2. Convert the predicted log returns into a price path and compare against the actual price.

*Note*: This is just a demonstration of how the model fits in-sample, not a true out-of-sample test.

In [ ]:
def rolling_prediction_in_sample(model, logrets, window_size=5, length=100):
    """
    In-sample rolling prediction for the first `length` days.
    For each day t >= window_size, use the actual log returns from [t - window_size..t-1]
    to predict logRet[t].
    """
    if length <= window_size:
        raise ValueError("length must be > window_size")

    predicted_returns = []
    for t in range(window_size, length):
        x_input = logrets[t - window_size:t].reshape(1, -1)
        pred = model.predict(x_input)[0, 0]
        predicted_returns.append(pred)

    return np.array(predicted_returns)

length_ = 100
logrets_array = data_bnp['LogRet'].values

# Generate rolling predictions for the first 100 days
preds_in_sample = rolling_prediction_in_sample(model_nn, logrets_array, window_size=5, length=length_)

# Actual closing prices for the first 100 days
actual_prices_100 = data_bnp['Close'].values[:length_]
pred_prices = [actual_prices_100[0]]

# For the first 5 days, replicate actual prices
for i in range(1, 5):
    pred_prices.append(actual_prices_100[i])

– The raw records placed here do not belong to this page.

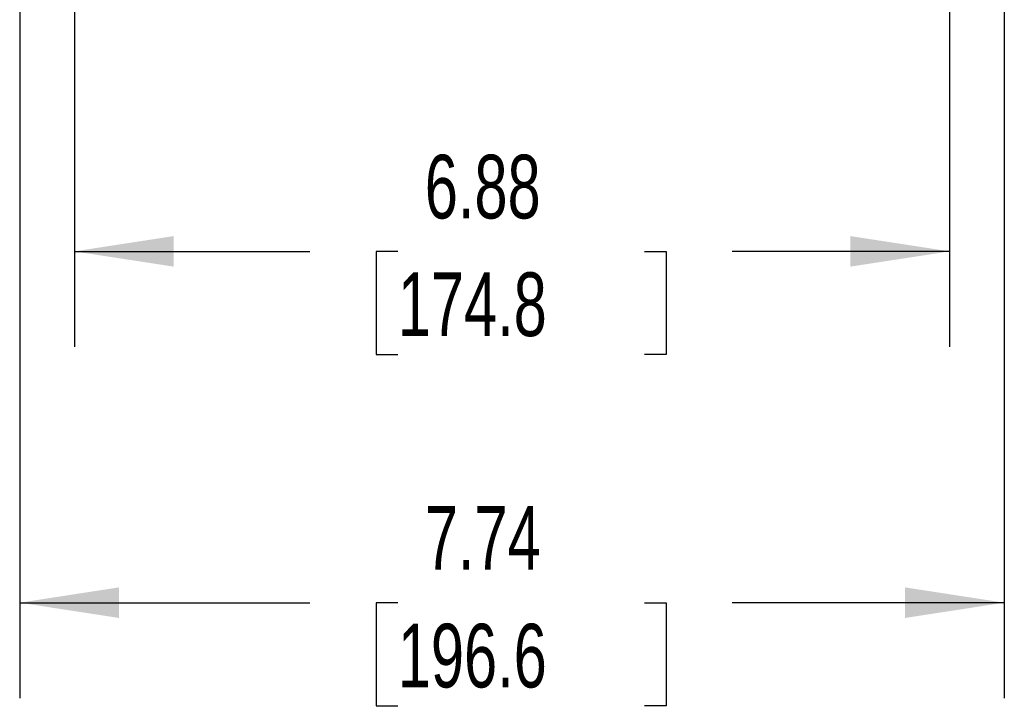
# Model space of a CAD drawing. Header units: inches. Extents: x 1.5 to 64.5, y 1.5 to 49.5.
# Tile 9 of 20: x 11.4 to 19.1, y 20.2 to 25.6. Entities that reach past the tile are written whole.
import ezdxf

# ---------------------------------------------------------------- set-up
doc = ezdxf.new("R2010")
doc.units = ezdxf.units.IN
doc.header["$LTSCALE"] = 6
doc.header["$MEASUREMENT"] = 0
doc.layers.add('DIMENSIONS', color=140, linetype='Continuous', lineweight=25)
doc.styles.add('SLDTEXTSTYLE0', font='TXT', dxfattribs={"width": 0.7})
doc.dimstyles.new('SLDDIMSTYLE0', dxfattribs={"dimtxt": 0.509766, "dimasz": 0.78, "dimexe": 0, "dimexo": 0.0625, "dimgap": 0.127441, "dimtad": 0, "dimtih": 1, "dimtoh": 1, "dimrnd": 1e-09, "dimzin": 12, "dimdsep": 46, "dimtxsty": 'SLDTEXTSTYLE0', "dimsah": 1, "dimcen": 0.09, "dimadec": 0, "dimazin": 3, "dimtfac": 1, "dimtofl": 0, "dimtmove": 0, "dimatfit": 3, "dimfxl": 0, "dimfrac": 2, "dimtolj": 1, "dimtzin": 12, "dimarcsym": 0})

# ---------------------------------------------------------------- blocks, each defined once
blk = doc.blocks.new('_D_1')
at = {"layer": 'DIMENSIONS'}
for p, q in [((11.3615, 31.0598), (11.3615, 30.2148)), ((19.1015, 31.0598), (19.1015, 20.2565)), ((11.3615, 29.8548), (11.3615, 28.5948)), ((11.3615, 28.2348), (11.3615, 20.2565)), ((11.3615, 21.0065), (13.6431, 21.0065)), ((14.3338, 21.0065), (14.1627, 21.0065)), ((14.1627, 21.0065), (14.1627, 20.1963)), ((16.2727, 21.0065), (16.4439, 21.0065)), ((16.4439, 21.0065), (16.4439, 20.1963)), ((19.1015, 21.0065), (16.9634, 21.0065)), ((14.1627, 20.1963), (14.3338, 20.1963)), ((16.4439, 20.1963), (16.2727, 20.1963))]:
    blk.add_line(p, q, dxfattribs=at)
for points in [[(11.3615, 21.0065), (12.1415, 20.8865), (12.1415, 21.1265)], [(19.1015, 21.0065), (18.3215, 21.1265), (18.3215, 20.8865)]]:
    blk.add_solid(points, dxfattribs=at)
at = {"layer": 'DIMENSIONS', "char_height": 0.5, "attachment_point": 1, "style": 'SLDTEXTSTYLE0'}
for s, insert in [('7.74', (14.5459, 21.7651)), ('196.6', (14.3338, 20.8408))]:
    blk.add_mtext(s, dxfattribs=dict(at, insert=insert))
blk = doc.blocks.new('_D_6')
at = {"layer": 'DIMENSIONS'}
for p, q in [((11.7915, 30.538), (11.7915, 29.0248)), ((18.6715, 30.538), (18.6715, 23.0166)), ((11.7915, 28.6648), (11.7915, 23.0166)), ((11.7915, 23.7666), (13.6431, 23.7666)), ((14.3338, 23.7666), (14.1627, 23.7666)), ((14.1627, 23.7666), (14.1627, 22.9564)), ((16.2727, 23.7666), (16.4439, 23.7666)), ((16.4439, 23.7666), (16.4439, 22.9564)), ((18.6715, 23.7666), (16.9634, 23.7666)), ((14.1627, 22.9564), (14.3338, 22.9564)), ((16.4439, 22.9564), (16.2727, 22.9564))]:
    blk.add_line(p, q, dxfattribs=at)
for points in [[(11.7915, 23.7666), (12.5715, 23.6466), (12.5715, 23.8866)], [(18.6715, 23.7666), (17.8915, 23.8866), (17.8915, 23.6466)]]:
    blk.add_solid(points, dxfattribs=at)
at = {"layer": 'DIMENSIONS', "char_height": 0.5, "attachment_point": 1, "style": 'SLDTEXTSTYLE0'}
for s, insert in [('6.88', (14.5459, 24.5253)), ('174.8', (14.3338, 23.601))]:
    blk.add_mtext(s, dxfattribs=dict(at, insert=insert))

msp = doc.modelspace()

# ---------------------------------------------------------------- dimensions: what is measured, and where the dimension line sits
at = {"layer": 'DIMENSIONS'}
for base, p1, p2, picture, middle in [((11.3615, 21.0065), (19.1015, 31.3598), (11.3615, 31.3598), '_D_1', (15.3033, 21.0065)), ((18.6715, 23.7666), (11.7915, 30.838), (18.6715, 30.838), '_D_6', (15.3033, 23.7666))]:
    dim = msp.add_linear_dim(base=base, p1=p1, p2=p2, angle=0, dimstyle='SLDDIMSTYLE0', dxfattribs=at)
    dim.commit()
    dim.dimension.update_dxf_attribs({"geometry": picture, "text_midpoint": middle, "dimtype": 160})

doc.saveas('drawing.dxf')

# From day 5..99, use predicted log returns to compute price
for i in range(5, length_):
    pred_logret = preds_in_sample[i - 5]
    next_price = pred_prices[-1] * np.exp(pred_logret)
    pred_prices.append(next_price)

pred_prices = np.array(pred_prices)

# Plot actual vs. predicted
plt.figure(figsize=(10, 6))
plt.plot(range(length_), actual_prices_100, label='Actual Price (first 100 days)', color='blue')
plt.plot(range(length_), pred_prices, label='NN In-Sample Predicted Price', color='red', linestyle='--')
plt.title("Actual vs. NN In-Sample Predicted Prices (First 100 Days)")
plt.xlabel("Time Index (days)")
plt.ylabel("Price")
plt.legend()
plt.show()

## Step 7: Conclusion

**What We Did**
- Loaded BNP Paribas stock data and computed log returns.
- Prepared a 5-day rolling window of features to predict the next-day log return.
- Built a simple feedforward neural network with one hidden layer.
- Trained it on most of the data and tested on the last 100 data points.
- Demonstrated an in-sample rolling prediction for the first 100 days.

**Possible Extensions**
- Try a deeper network or an LSTM/GRU for more advanced time-series modeling.
- Adjust the window size (more or fewer days).
- Implement a walk-forward or rolling train/test methodology for a more realistic evaluation.